No one made shocked faces. It might have been odd, but even the newcomers felt as if they were in a space where they could say anything about their state without the fear of reproach, or judgement. They were all out of synch with ‘normality’, or ‘cracked up’ as Pete thought to himself.

He opened his mouth to speak then. ‘And I’m Pete, I’m a fireman, well firefighter I’m supposed to say now. I lost my wife a few months ago too. She was pregnant with our first child so it was a double loss for me.’ Little murmurs of sympathy rippled around the room. ‘I’m lucky that I do have friends to talk to, good friends, and I lost my mum three years ago so my dad knows what I’m going through except . . . except I just don’t want to load them with my troubles.

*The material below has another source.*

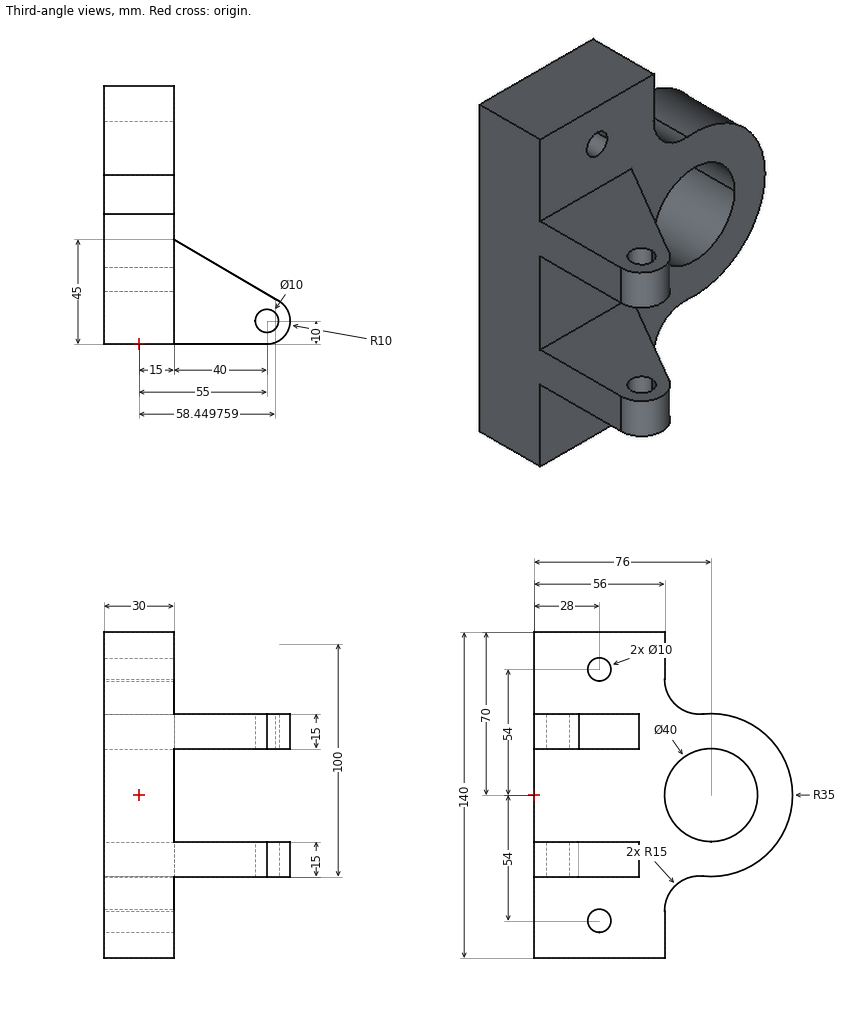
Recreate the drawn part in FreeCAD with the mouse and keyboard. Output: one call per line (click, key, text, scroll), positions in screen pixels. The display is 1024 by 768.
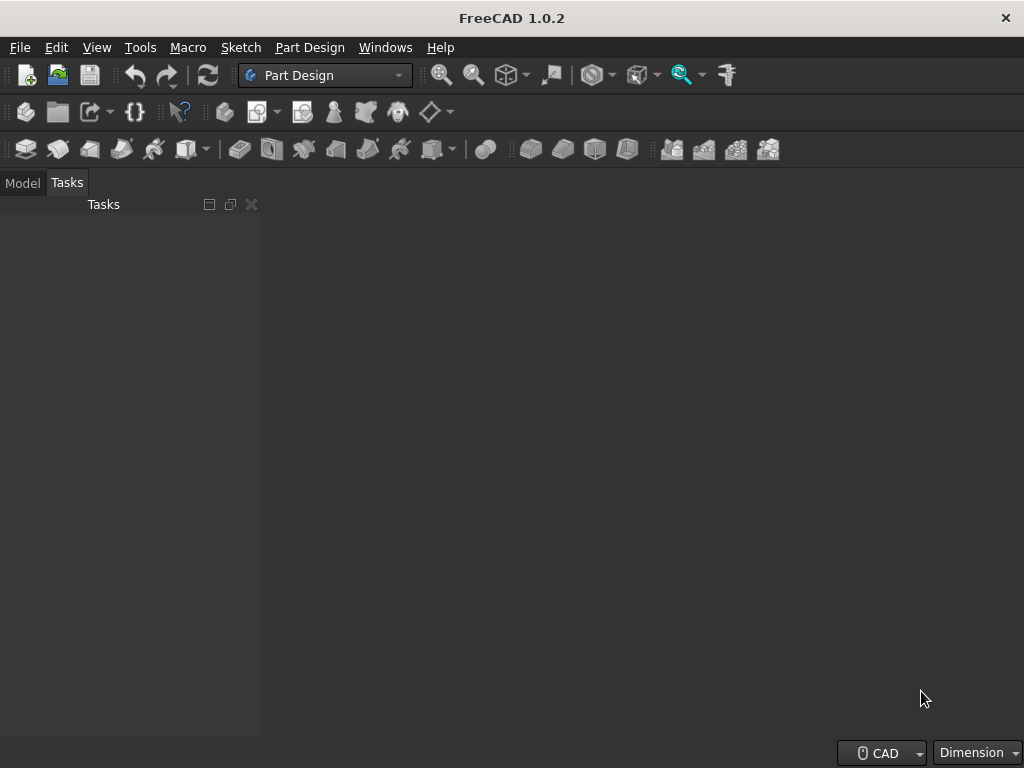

So I feel isolated.’ He felt a croak claim his throat and took a quick slurp of coffee to wet it. ‘And they’d be so gutted if they knew I felt like this because they’d want me to turn to them first. But here I am, in a room full of strangers.’ He forced out a smile and it sat precariously on his lips.

‘A stranger is just a friend you don’t know yet,’ said Maurice, sounding very sage-like without being in the slightest bit patronising because it was obvious his heart was in the right place.

‘When are your hardest times?’ asked Mr Singh from behind the counter, in between mouthfuls of red velvet cake.

Laurie and Pete both started to speak at the same time and Pete indicated with his hand that Laurie should go first.

‘There’s no pattern. I can be doing something as simple as ironing a skirt and memories will start to bombard me. I’d understand it more if there was some connection but it comes out of nowhere.’

‘Same for me,’ said Pete. ‘I was fitting a smoke alarm the other day in a pensioner’s house and I started thinking about our honeymoon in the Lakes. I’ve noticed it seems to happen most when I’m doing something mundane. When I have space in my head, thoughts of her jump in. So I try not to have space in my head and end up exhausting myself.’

‘Do you cry?’ Yvonne asked him.

‘Yes, I do,’ said Pete, surprising himself with the ease with which he admitted that. ‘I can control it to an extent, but when I’m alone, I fold.’

‘I wish I could let go,’ said Yvonne. ‘I have to play act the other way, to dab my eyes and put on a sad face in front of the family when I feel nothing. I wish onions weren’t so smelly, I’d have slipped one in a hankie.’

‘When did you go back to work, Pete?’ asked Maurice.

‘I only took six weeks off. I was climbing the walls. I thought it would be the best thing for me and it was . . . in a way. Then . . . something happened on duty recently and I realised that I needed . . . help before I cocked up big time and endangered people. I hadn’t done quite as good a job as I thought I had about convincing everyone I was okay. This club came recommended to me by someone whose opinion I wouldn’t discount lightly. I didn’t want to sit in a counsellor’s office and do that one-to-one thing on a fifty-minute timer, if you know what I mean.’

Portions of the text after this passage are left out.